Quick Reference Glossary
| Term | Means | ERSA Context |
|---|---|---|
| Bradford Hill Criteria | 9 ways to evaluate evidence | Score each 0-4; total gives ERSA estimate |
| Strength | Size of effect | Bigger effect = higher score |
| Consistency | How often replicated | More replication = higher score |
| Specificity | Scope of applicability | More specific claims = higher score |
| Temporality | Cause before effect | Essential for causation |
| Dose-Response | More cause → more effect? | Strong pattern = higher score |
| Plausibility | Reasonable mechanism exists? | Known mechanism = higher score |
| Coherence | Fits with other knowledge? | Better integration = higher score |
| Experiment | Controlled testing done? | More rigorous testing = higher score |
| Analogy | Similar mechanisms in other domains? | Strong parallels = higher score |
| CMMI Maturity | Organizational sophistication | Level 1 (ad-hoc) to Level 5 (optimized) |
| Progressive (P) | Generating new predictions | Positive sign; adds to ERSA |
| Degenerating (D) | Just defending old positions | Negative sign; lowers ERSA |
| GRASP Phase | Real-world implementation | Phase C (theoretical) to A (operational) |
| Learning Complexity | How hard to understand | 0-10 scale; metadata, not ERSA |
| Sagan Standard | Extraordinary evidence needed | Proportional to how counterintuitive |
| Falsifiable | Can be proven wrong | Required for ERSA 1+ |
| Paradigm Shift | Revolutionary change | ERSA 10-11 status |
| Consensus | % of scientists who agree | Indicator of ERSA level |
How to Read ERSA Explanations Now That You Know These Concepts
When ERSA explanation says:
“Bradford Hill Profile: Strength 3/4, Consistency 2/4, Experiment 3/4”

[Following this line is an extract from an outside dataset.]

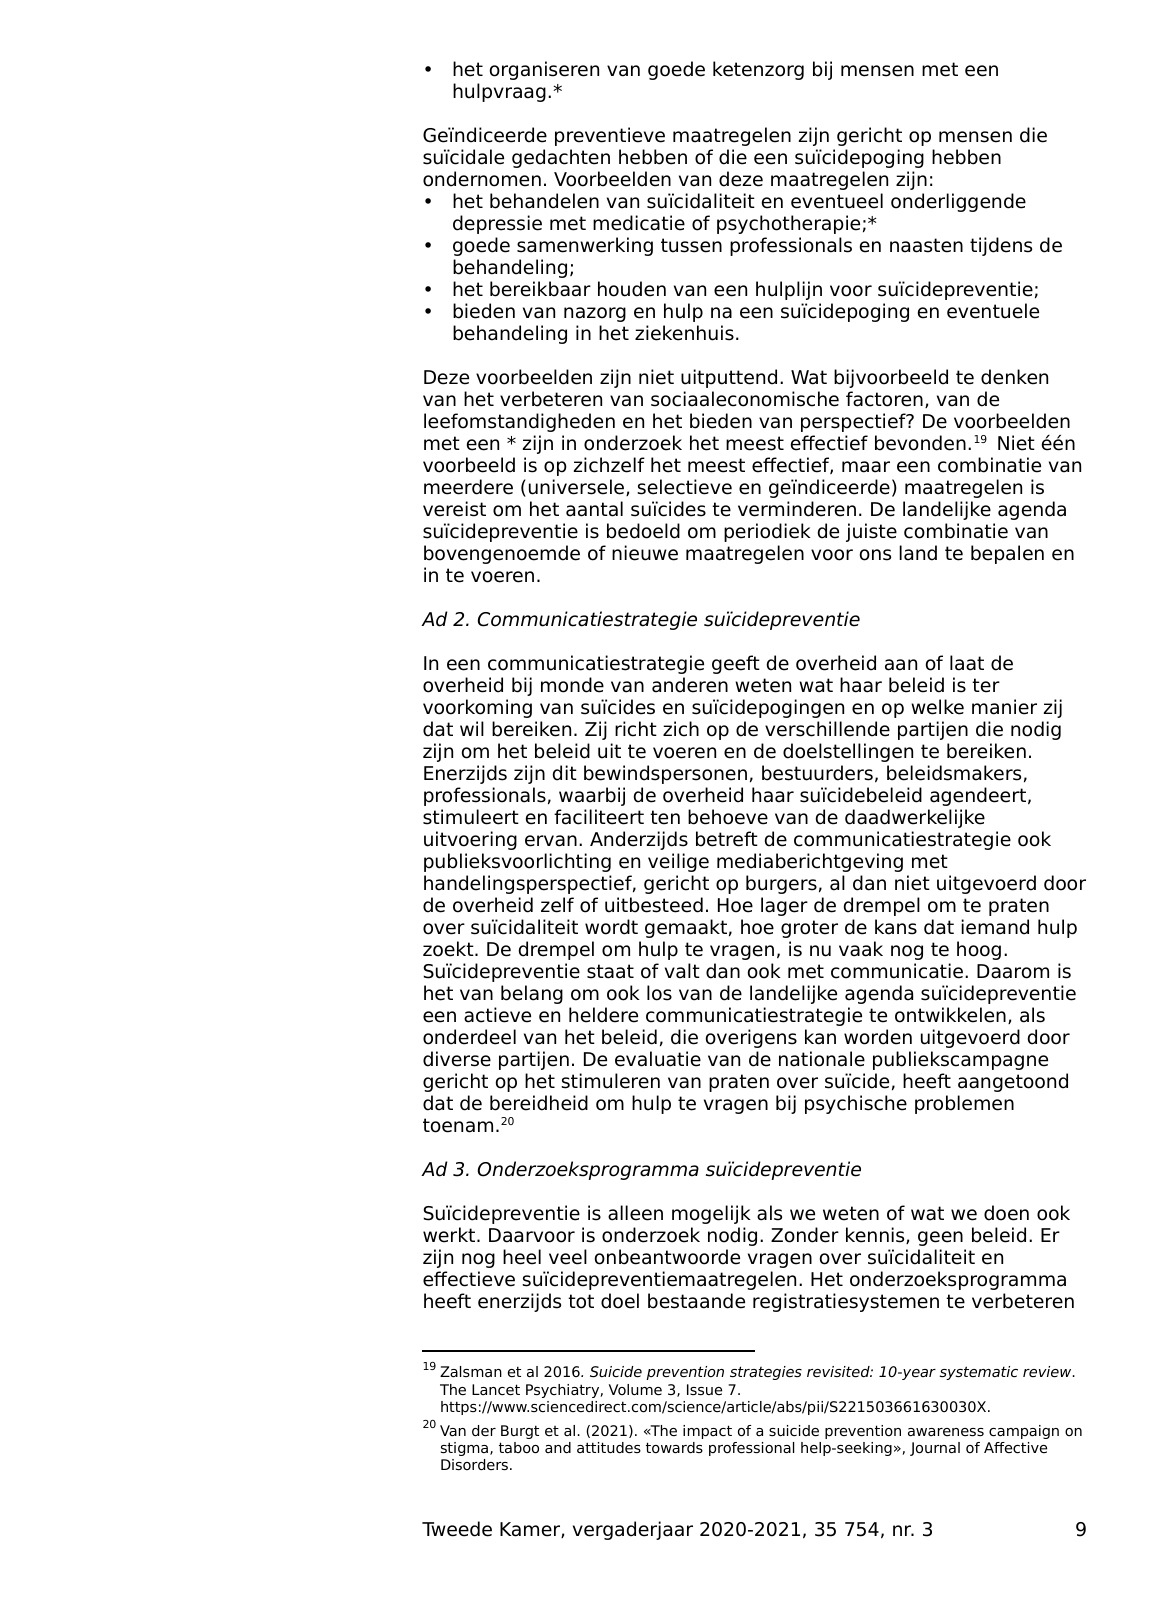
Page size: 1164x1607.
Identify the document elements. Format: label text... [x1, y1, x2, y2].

- Now you know it means: Effect size is strong (3/4), but replication is mixed (2/4), and experimental testing supports it (3/4)
“Research Program: Progressive (P)”
- Now you know it means: Theory is generating new predictions that are being confirmed
“CMMI Maturity: Level 4”
- Now you know it means: Statistical methods are standard; quality metrics established
“GRASP Phase: Phase A”
- Now you know it means: Actively implemented in real-world applications
“Learning Complexity: 8/10”
- Now you know it means: Requires graduate-level training to understand
“Sagan Adjustment: Extraordinary evidence required”
- Now you know it means: The claim is so counterintuitive it needed stronger evidence than normal
This primer should make the detailed ERSA explanations much more accessible and understandable!